Orpheline, mariée à 14 ans contre son gré à un sexagénaire, abusée par le fils de ce dernier, Awa réussit à s’échapper, puis quitte l’Afrique pour se réfugier en France. Prise dans un réseau de traite des êtres humains, elle est enfermée et forcée, à 16 ans, à se prostituer. Lycéen menacé de mort par ses oncles depuis l’annonce de son homosexualité, Ali, lui, s’enfuit du Maroc et s’installe chez sa demi-sœur en banlieue parisienne. Mais, apprenant son orientation sexuelle, celle-ci le chasse(1). S’ensuivent errance puis prostitution sous l’emprise d’un proxénète. De son côté, S.(2), qui a été agressée sexuellement à 13 ans au collège, subit une IVG et s’inscrit sur un site d’escorts à 13 ans et demi. Après divers placements, elle retourne chez sa mère… qui accepte l’argent de son activité. Comme eux, de 6 000 à 10 000 enfants seraient prostitués en France. Une réalité de plus en plus visible, mais cependant mal connue. Dans un rapport de 2012(3), l’inspection générale des affaires sociales (IGAS) s’en est d’ailleurs inquiétée, relevant « un écart considérable entre les données de sources policière et judiciaire, selon lesquelles le phénomène serait quasi inexistant, et l’expérience de nombreuses associations ». L’inspection pointe de surcroît « le relatif déni » des institutions et le « faible investissement sur ce sujet », lequel « n’est pas traité en tant que tel, mais occasionnellement abordé dans le cadre d’actions sur la prostitution en général, ou sur les mineurs étrangers isolés, par exemple ».

Prise en charge limitée

Aujourd’hui, la prise en charge de cette problématique se révèle éclatée entre l’Etat, compétent en matière de prostitution, et les départements, responsables de la protection de l’enfance.

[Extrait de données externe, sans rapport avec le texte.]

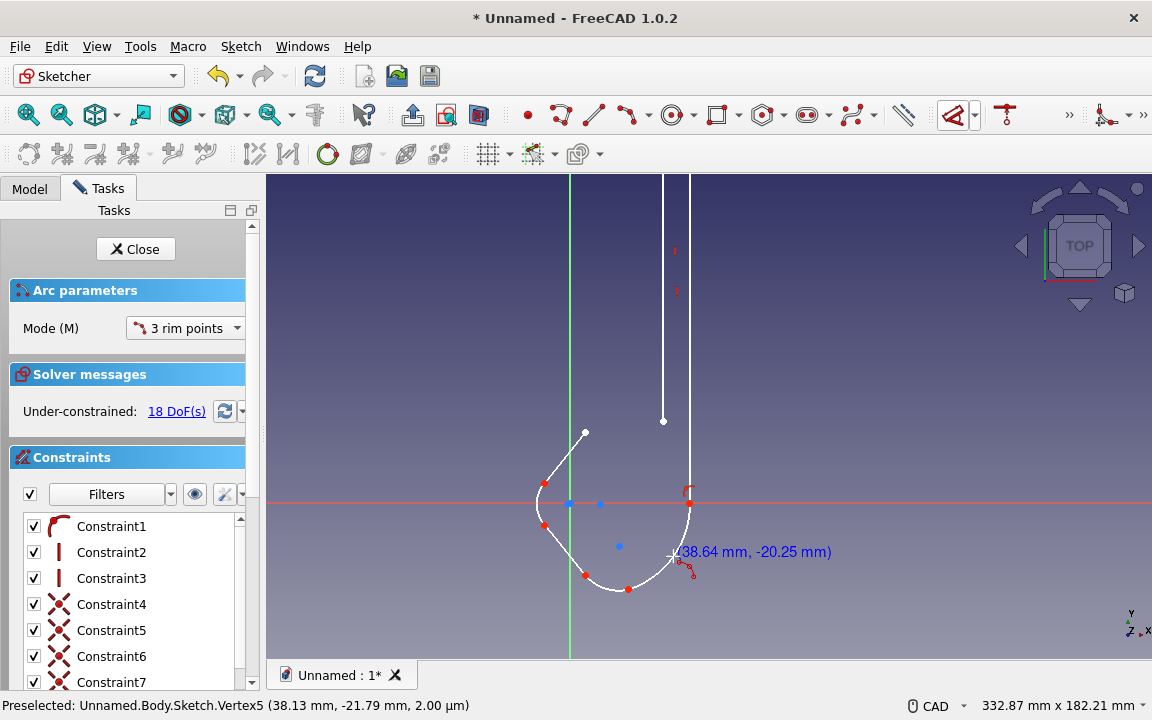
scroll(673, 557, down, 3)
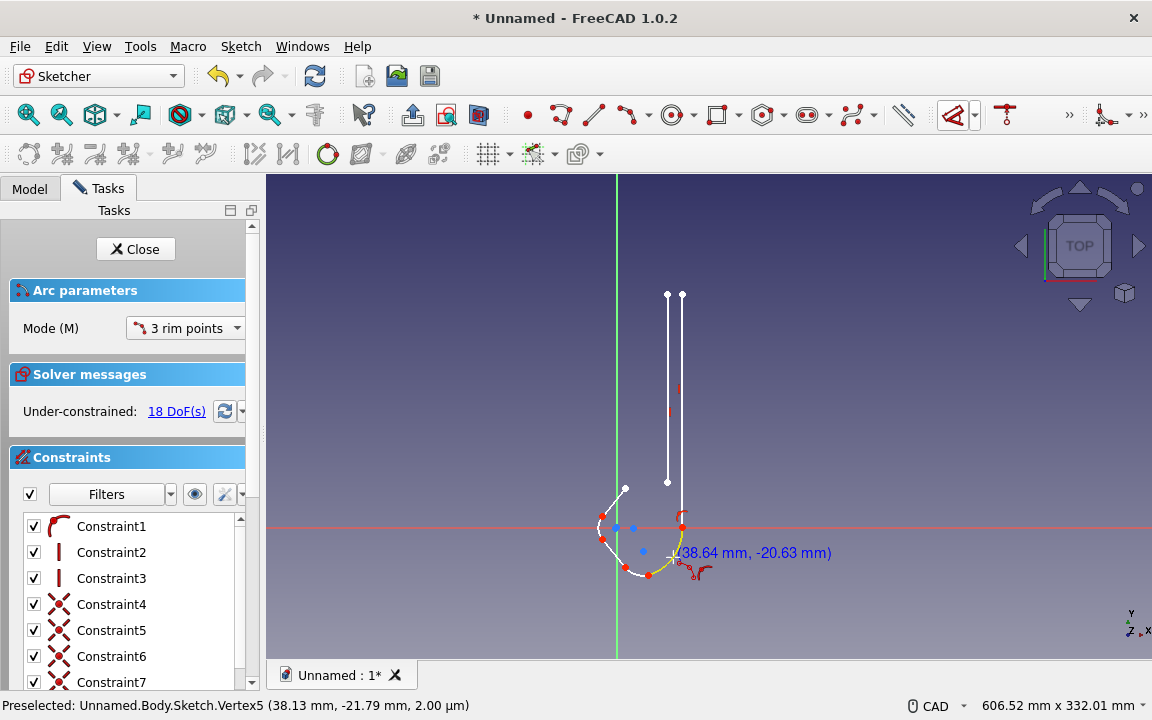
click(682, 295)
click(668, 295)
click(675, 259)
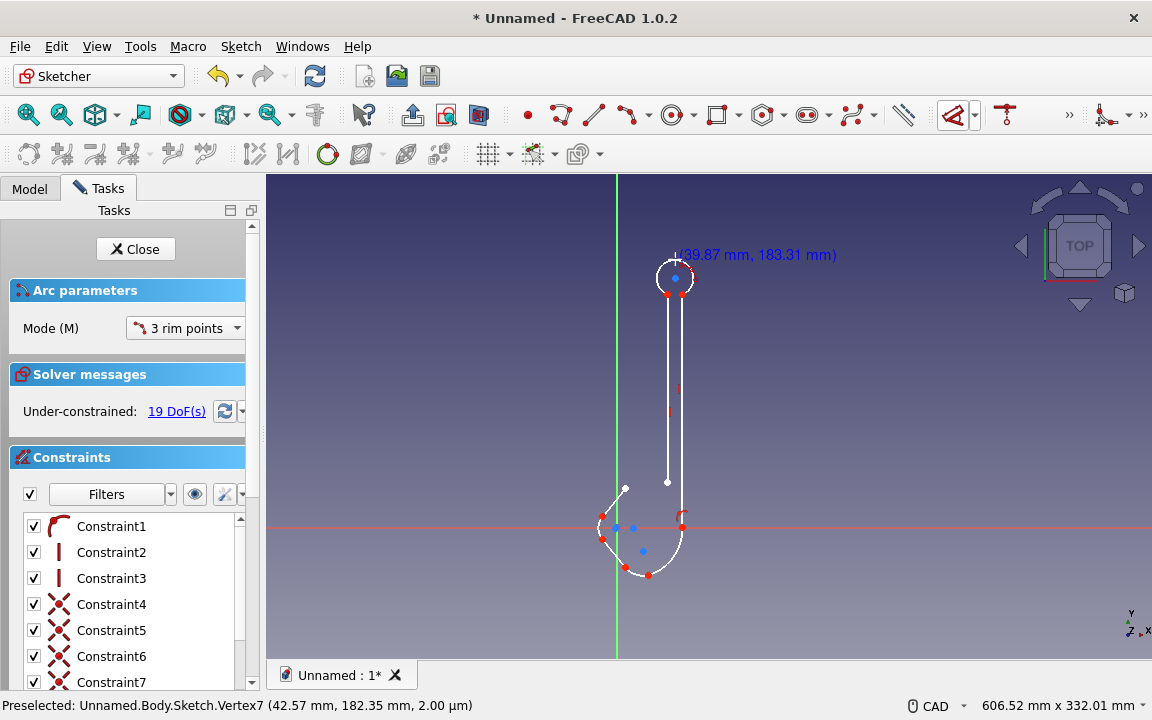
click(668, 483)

Mais, alors que, depuis la loi du 4 mars 2002, le code pénal punit spécifiquement le recours à la prostitution de mineurs de trois ans d’emprisonnement et de 45 000 € d’amende – sept ans et 100 000 € s’ils ont moins de 15 ans –, la mobilisation, résume l’IGAS, « semble limitée à quelques opérateurs associatifs de terrain ». Lesquels tentent de mobiliser davantage les pouvoirs publics, comme le montre le colloque intitulé « La prostitution des jeunes et des mineurs-es » organisé le 1er octobre dernier(4).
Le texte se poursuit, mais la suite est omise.